Pour éviter que chacun n’exerce son droit de propriété sans tenir compte de l’autre, la doctrine des nuisances excessives entre voisin a été élaborée. Il n’en reste pas moins que les voisins devront tolérer les nuisances ordinaires de la vie en commun de l’un à l’autre.
Depuis l’arrivée du Livre 3 du nouveau Code civil, la doctrine est consacrée par la loi, notamment dans les articles 3.101 et 3.102 du Code civil. L’article 3.101, §1er alinéa du Code civil dispose : « Les propriétaires voisins ont chacun un droit à l’usage et à la jouissance de leur bien immeuble. Dans l’exercice de l’usage et de la jouissance, chacun d’eux respecte l’équilibre établi en ne causant pas à son voisin un trouble qui excède la mesure des inconvénients normaux du voisinage et qui lui est imputable ».
Il existe théorie de l’équilibre, dans laquelle on utilise le régime de la responsabilité sans faute. En d’autres termes, les nuisances excessives doivent résulter des actes ou des omissions du voisin, sans qu’une faute soit requise.
En outre, il doit y avoir un voisinage entre la parcelle qui cause les nuisances et celle qui les provoque. Ils ne doivent pas être adjacents mais se trouver à proximité les uns des autres. Ni le demandeur ni le défendeur, dans le cadre d’une action pour troubles de voisinage, ne doivent avoir de titre de propriété sur les parcelles. Un droit réel ou un droit personnel sur un attribut du droit de propriété suffit (article 3.101, §3 CC).
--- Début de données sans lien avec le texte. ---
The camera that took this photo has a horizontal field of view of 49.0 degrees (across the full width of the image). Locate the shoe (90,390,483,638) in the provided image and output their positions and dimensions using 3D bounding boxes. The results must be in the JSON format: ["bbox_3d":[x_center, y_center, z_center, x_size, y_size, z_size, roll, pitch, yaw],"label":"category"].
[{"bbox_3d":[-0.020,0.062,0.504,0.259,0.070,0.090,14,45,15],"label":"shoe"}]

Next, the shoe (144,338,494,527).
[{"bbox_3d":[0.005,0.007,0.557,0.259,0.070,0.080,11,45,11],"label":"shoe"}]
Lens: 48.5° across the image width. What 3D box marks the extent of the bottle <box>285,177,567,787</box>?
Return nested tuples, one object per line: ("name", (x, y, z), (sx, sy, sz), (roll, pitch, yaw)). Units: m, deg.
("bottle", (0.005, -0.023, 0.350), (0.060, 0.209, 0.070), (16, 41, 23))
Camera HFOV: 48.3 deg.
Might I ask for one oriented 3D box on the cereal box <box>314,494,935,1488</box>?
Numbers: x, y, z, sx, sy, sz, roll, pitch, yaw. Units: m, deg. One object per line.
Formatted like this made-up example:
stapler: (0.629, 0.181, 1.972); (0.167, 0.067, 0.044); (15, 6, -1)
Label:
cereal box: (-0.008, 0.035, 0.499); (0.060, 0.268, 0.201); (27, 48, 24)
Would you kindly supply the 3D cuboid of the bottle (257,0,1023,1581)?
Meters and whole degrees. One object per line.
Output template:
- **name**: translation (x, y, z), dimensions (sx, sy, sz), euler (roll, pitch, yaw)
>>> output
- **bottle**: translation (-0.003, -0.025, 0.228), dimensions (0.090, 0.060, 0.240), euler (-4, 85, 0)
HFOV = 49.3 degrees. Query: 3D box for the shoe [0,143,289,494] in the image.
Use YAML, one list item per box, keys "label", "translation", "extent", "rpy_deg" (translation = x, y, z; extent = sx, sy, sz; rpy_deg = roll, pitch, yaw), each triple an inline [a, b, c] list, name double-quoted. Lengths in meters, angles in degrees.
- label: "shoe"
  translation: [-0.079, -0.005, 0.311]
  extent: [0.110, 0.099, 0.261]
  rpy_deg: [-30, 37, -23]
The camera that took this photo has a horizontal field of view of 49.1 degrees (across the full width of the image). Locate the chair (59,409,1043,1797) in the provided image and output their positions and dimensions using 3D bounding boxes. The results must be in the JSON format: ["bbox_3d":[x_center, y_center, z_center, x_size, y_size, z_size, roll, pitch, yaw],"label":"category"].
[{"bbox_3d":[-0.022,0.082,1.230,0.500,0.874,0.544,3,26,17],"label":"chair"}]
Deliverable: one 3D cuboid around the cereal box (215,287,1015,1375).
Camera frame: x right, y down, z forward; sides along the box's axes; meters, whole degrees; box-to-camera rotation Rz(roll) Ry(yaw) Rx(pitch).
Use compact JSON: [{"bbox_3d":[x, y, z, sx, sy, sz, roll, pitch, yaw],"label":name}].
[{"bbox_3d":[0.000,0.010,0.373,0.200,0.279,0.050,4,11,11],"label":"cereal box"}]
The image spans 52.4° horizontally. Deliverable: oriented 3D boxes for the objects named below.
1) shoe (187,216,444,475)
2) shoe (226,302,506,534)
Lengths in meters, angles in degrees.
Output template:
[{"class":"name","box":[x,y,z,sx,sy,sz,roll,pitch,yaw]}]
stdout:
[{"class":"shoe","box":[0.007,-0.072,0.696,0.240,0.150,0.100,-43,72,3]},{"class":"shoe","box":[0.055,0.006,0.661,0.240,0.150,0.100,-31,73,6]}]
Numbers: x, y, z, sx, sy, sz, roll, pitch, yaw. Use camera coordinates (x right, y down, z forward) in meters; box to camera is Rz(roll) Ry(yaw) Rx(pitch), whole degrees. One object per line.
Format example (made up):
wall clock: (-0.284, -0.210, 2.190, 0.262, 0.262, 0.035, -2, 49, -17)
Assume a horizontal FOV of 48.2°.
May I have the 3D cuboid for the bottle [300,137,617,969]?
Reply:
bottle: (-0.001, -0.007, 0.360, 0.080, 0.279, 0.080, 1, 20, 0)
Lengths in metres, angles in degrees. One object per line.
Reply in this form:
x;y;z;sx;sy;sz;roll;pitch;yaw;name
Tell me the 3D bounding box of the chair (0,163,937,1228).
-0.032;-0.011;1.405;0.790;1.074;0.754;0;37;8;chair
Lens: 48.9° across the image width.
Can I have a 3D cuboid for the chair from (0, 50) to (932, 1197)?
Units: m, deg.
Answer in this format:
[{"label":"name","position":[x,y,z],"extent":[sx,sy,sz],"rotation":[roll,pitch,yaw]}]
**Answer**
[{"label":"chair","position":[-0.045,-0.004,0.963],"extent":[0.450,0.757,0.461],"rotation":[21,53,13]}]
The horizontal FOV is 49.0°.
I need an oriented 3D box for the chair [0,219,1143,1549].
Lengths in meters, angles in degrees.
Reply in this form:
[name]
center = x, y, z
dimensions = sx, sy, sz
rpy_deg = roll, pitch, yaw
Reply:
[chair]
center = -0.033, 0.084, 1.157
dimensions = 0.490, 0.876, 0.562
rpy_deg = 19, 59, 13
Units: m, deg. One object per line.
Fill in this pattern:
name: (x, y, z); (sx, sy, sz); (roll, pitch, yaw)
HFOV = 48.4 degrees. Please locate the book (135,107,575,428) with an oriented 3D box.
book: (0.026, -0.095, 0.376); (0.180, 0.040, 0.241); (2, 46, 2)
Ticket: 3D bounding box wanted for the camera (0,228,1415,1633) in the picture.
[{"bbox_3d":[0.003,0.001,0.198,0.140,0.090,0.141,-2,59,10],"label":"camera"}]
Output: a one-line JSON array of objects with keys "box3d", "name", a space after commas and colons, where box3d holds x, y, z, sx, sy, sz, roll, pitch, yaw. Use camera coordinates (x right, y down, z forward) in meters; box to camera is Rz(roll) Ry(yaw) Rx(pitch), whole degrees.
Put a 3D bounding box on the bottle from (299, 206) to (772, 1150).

Enfin, il doit s’agir de nuisances excessives. A défaut, il n’y a pas de déséquilibre entre les propriétés voisines. Le législateur a dressé une liste non exhaustive d’éléments que le juge peut prendre en compte pour apprécier le caractère excessif de la nuisance : le moment, la fréquence et l’intensité du trouble, la préoccupation ou la destination publique du bien immeuble d’où le trouble causé provient (article 3.101, §1er, alinéa 2 du Code civil). Surtout, le tribunal devra tenir compte des circonstances particulières de l’affaire.
Il est important que les juges de paix fixent effectivement des limites à l’exigence de la nuisance Cette exigence permet d’éviter que tous les voisins aigris se présentent devant le tribunal.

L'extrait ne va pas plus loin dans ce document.